Weeks, or even months, go by, when nothing  happens that has anything like a quality of the unexpected, and then–there they are.  Six of them.

The first of the tales of the unexpected happened on Tuesday, when the local news was full of a story about animal control, called in to get a bear out of a tree–on Main Street in Danbury.

For those of you w ho know little or nothing about Connecticut, Danbury is not some rural town in the Northwest Hills.  It’s not Colchester or New Hartford or Salisbury, one of those places so small that there isn’t even a local high school and all the kids have to go to a regional to get beyond that eighth grade at all. 

It  isn’t even Winsted or Willimantic, small cities surrounded by tiny rural towns like those.

Danbury  is a small city in Northern Fairfield County, not only densely populated itself, but surrounded by a few densely populated suburbs. 

It’s the kind of place that makes you wonder what the poor thing was thinking. 

At any rate, this was local media and Fairfield County, so nobody wanted to kill it, so the local news stations and web sites spent the entire day billboarding the story–there was the bear, asleep in the tree; there was the bear no longer asleep in the tree and looking panicked; there were the animal control people with the tranquilizer gun…

This story might have been a little less bemusing if it hadn’t happened on the same day as the building collapse in Philadelphia. 

The national media were worried about people dead and mangled in the rubble.  The local media were worried about the bear.

It was one of those times when I sincerely and desperately missed my father.  He grew  up in Danbury.  He would have loved that story.

The second bemusing story is the one that you’ve probably been listening to over the last few days, and it probably only bemuses me because I am ignorant.

That story is the one about the ex Navy Seal and member of the same Team 6 that took out bin Laden, the winner of a purple heart and a Bronze Star for Valor, who came out as transgender and announced his intention to have a sex change operation.

Now, I am not the sort of person who has vapors over gays in the military.  There have been gay men in all militaries, both out and not, and even more men who seemed to be bi, at least in practice.

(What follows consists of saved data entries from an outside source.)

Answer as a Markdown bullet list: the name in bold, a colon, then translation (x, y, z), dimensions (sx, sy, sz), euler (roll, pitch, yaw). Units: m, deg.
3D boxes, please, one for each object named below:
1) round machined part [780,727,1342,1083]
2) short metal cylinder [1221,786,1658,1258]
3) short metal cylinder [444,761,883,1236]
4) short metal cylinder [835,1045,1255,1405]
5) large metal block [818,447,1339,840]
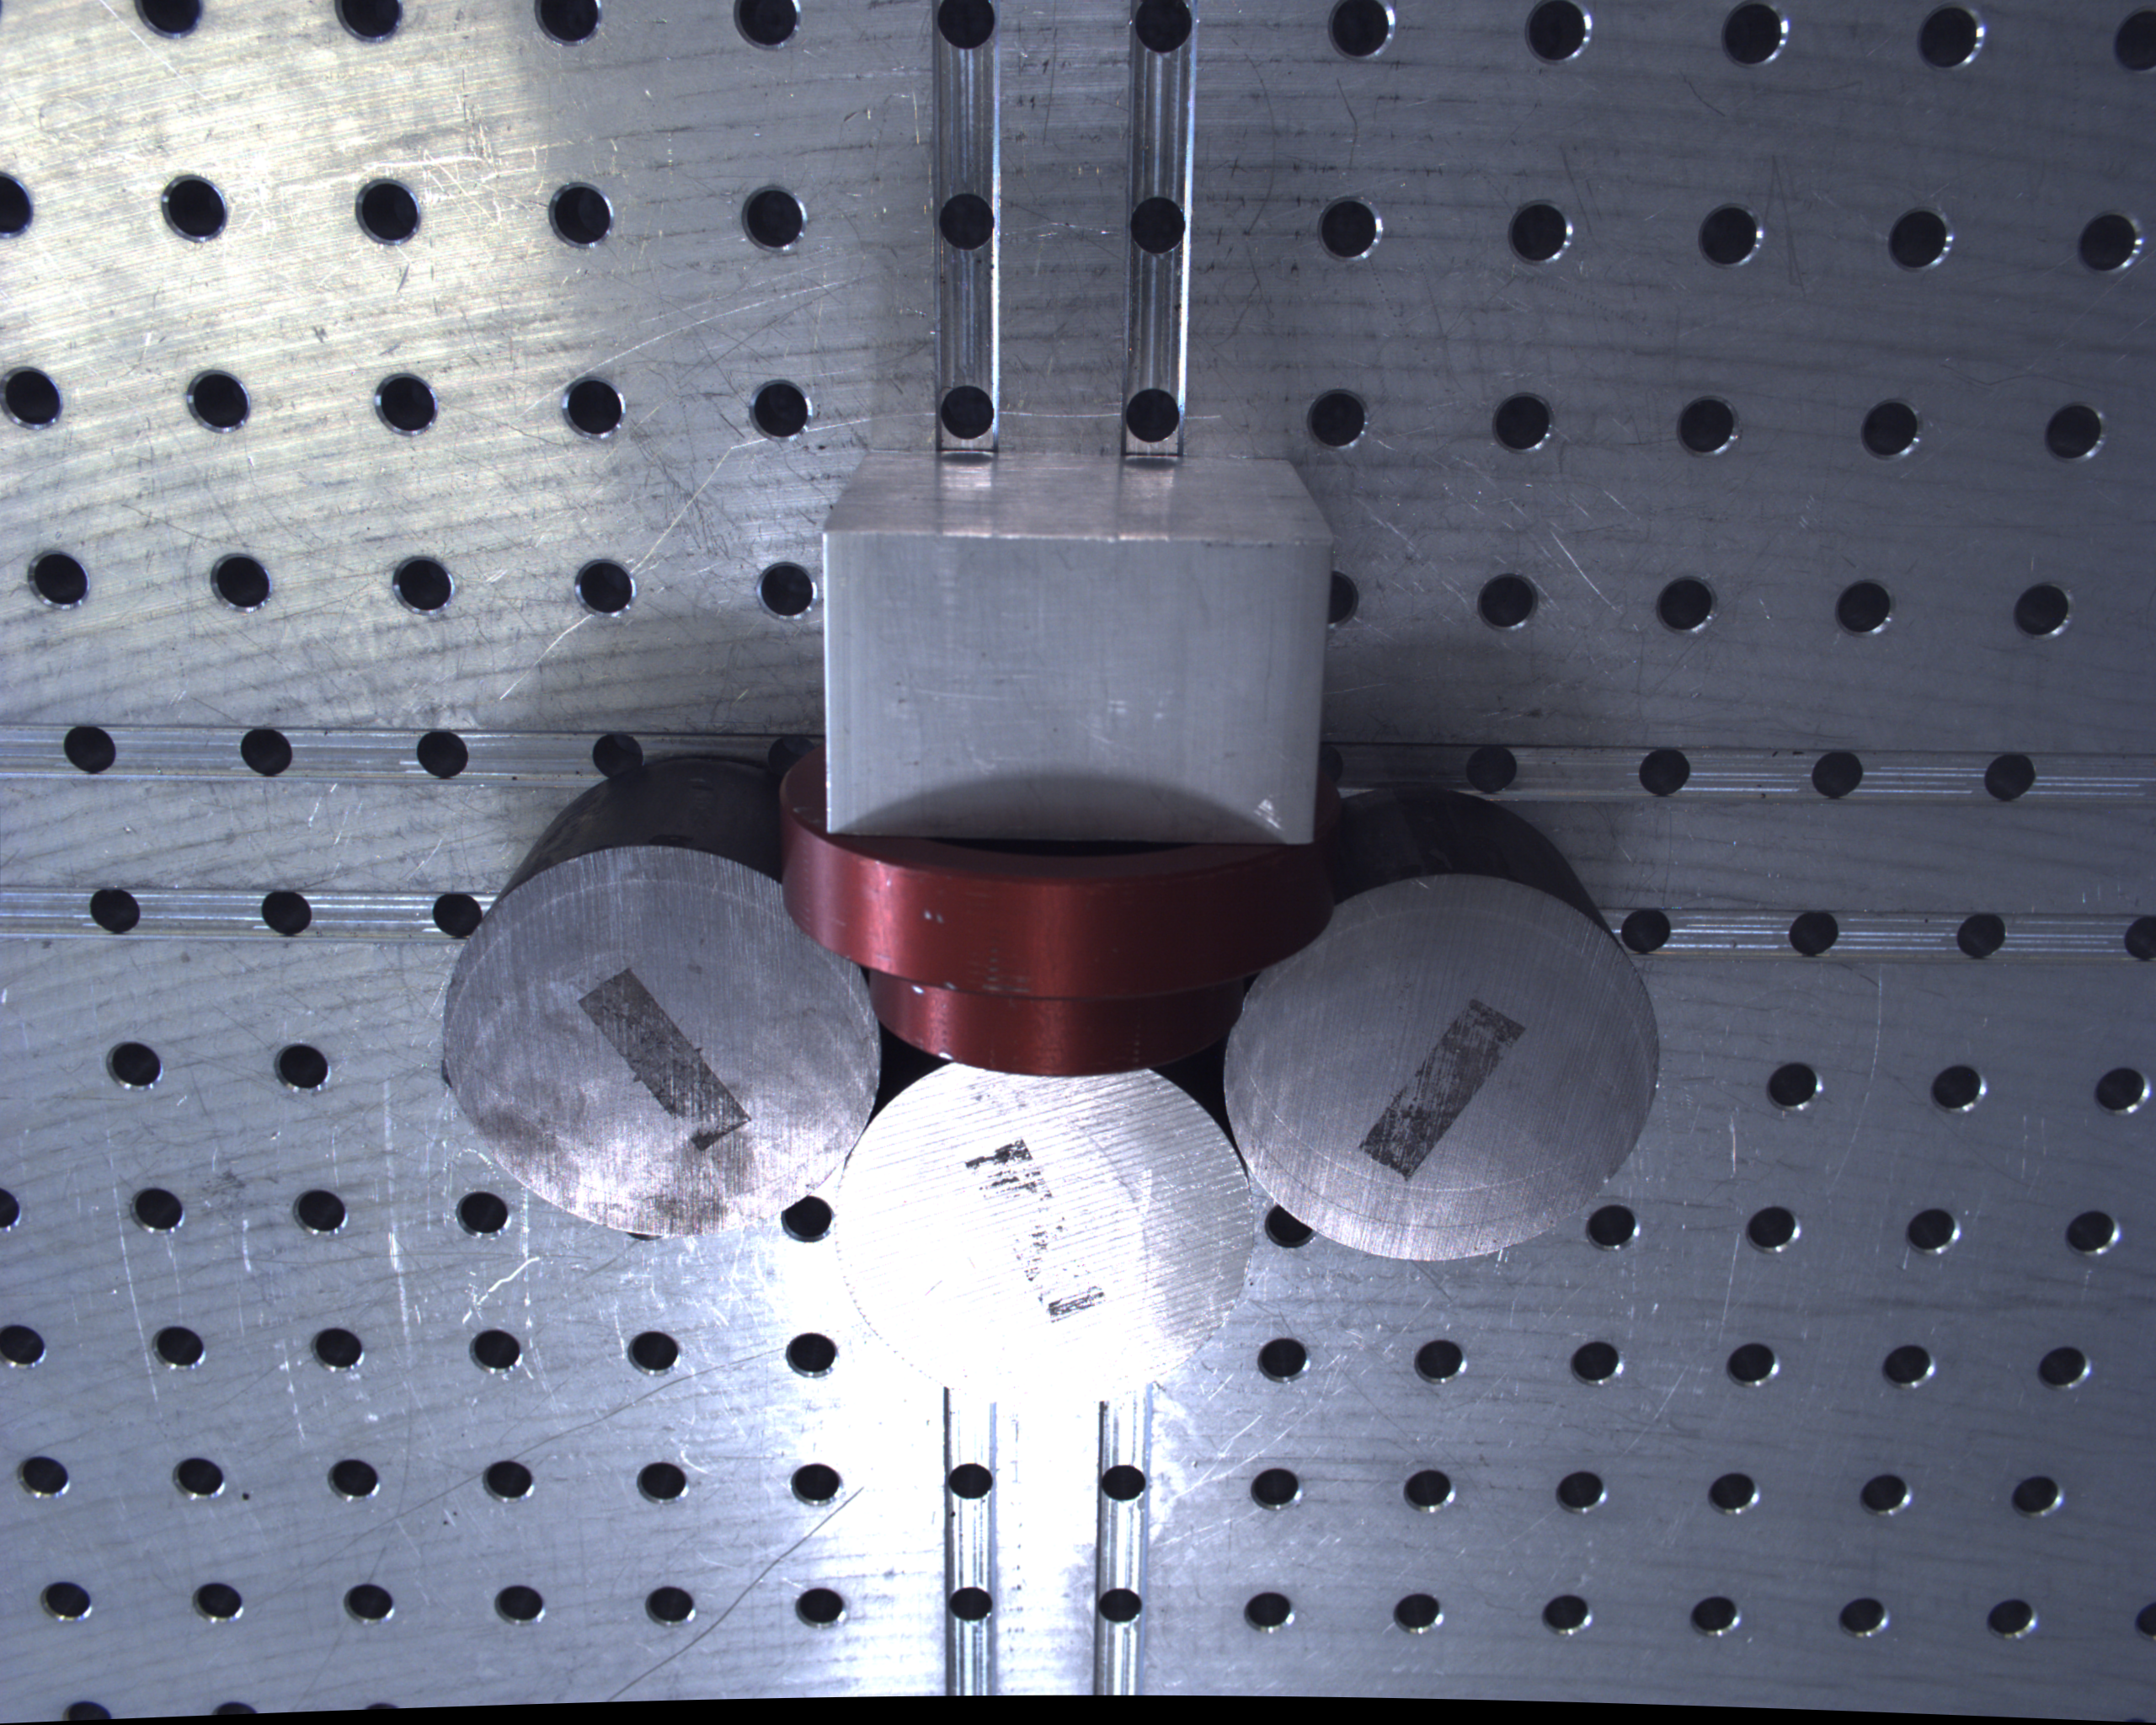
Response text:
- **round machined part**: translation (-0.003, 0.006, 0.375), dimensions (0.099, 0.098, 0.042), euler (2, 110, -1)
- **short metal cylinder**: translation (0.068, 0.030, 0.412), dimensions (0.081, 0.050, 0.079), euler (0, 110, 0)
- **short metal cylinder**: translation (-0.077, 0.026, 0.409), dimensions (0.081, 0.050, 0.079), euler (0, 110, 0)
- **short metal cylinder**: translation (-0.006, 0.062, 0.423), dimensions (0.081, 0.050, 0.079), euler (0, 110, 0)
- **large metal block**: translation (0.000, -0.041, 0.368), dimensions (0.081, 0.080, 0.050), euler (1, 110, -1)

If the Greeks didn’t have a problem with the only real love, I don’t see why I should. 

My problem with this is not so much a problem as a confusion.

For a few years now, I have been listening very carefully to people trying to explain how it feels and what it means to be transgender,  and I thought I understood.

This does not fit the explanation as I heard it.

Let me start out by saying that I do not believe that “gender” is “socially constructed.”

Masculinity and femininity may be socially constructed, but maleness and femaleness are biological categories, genetically encoded.  And they are, at this point, still immutable.  You may have a sex change operation, but  it is a cosmetic procedure.  Your DNA still codes for the sex you were born with, and you’ll need a rigorous dose of hormones for the rest of your life to keep the appearance of the sex you want to be from being overwhelmed by hormones.

In spite of all that, however, I thought I at least vaguely understood what people meant by being “born in the wrong body.”  Body chemistry is a complex thing, and it’s not implausible that some people are born (or develop later) with a  mix that makes them feel like a member of the opposite sex and  uncomfortable in the sex that nature assigned them.

So far, so good.  But there’s another problem. 

I also accept the scientific validity of the theory of evolution.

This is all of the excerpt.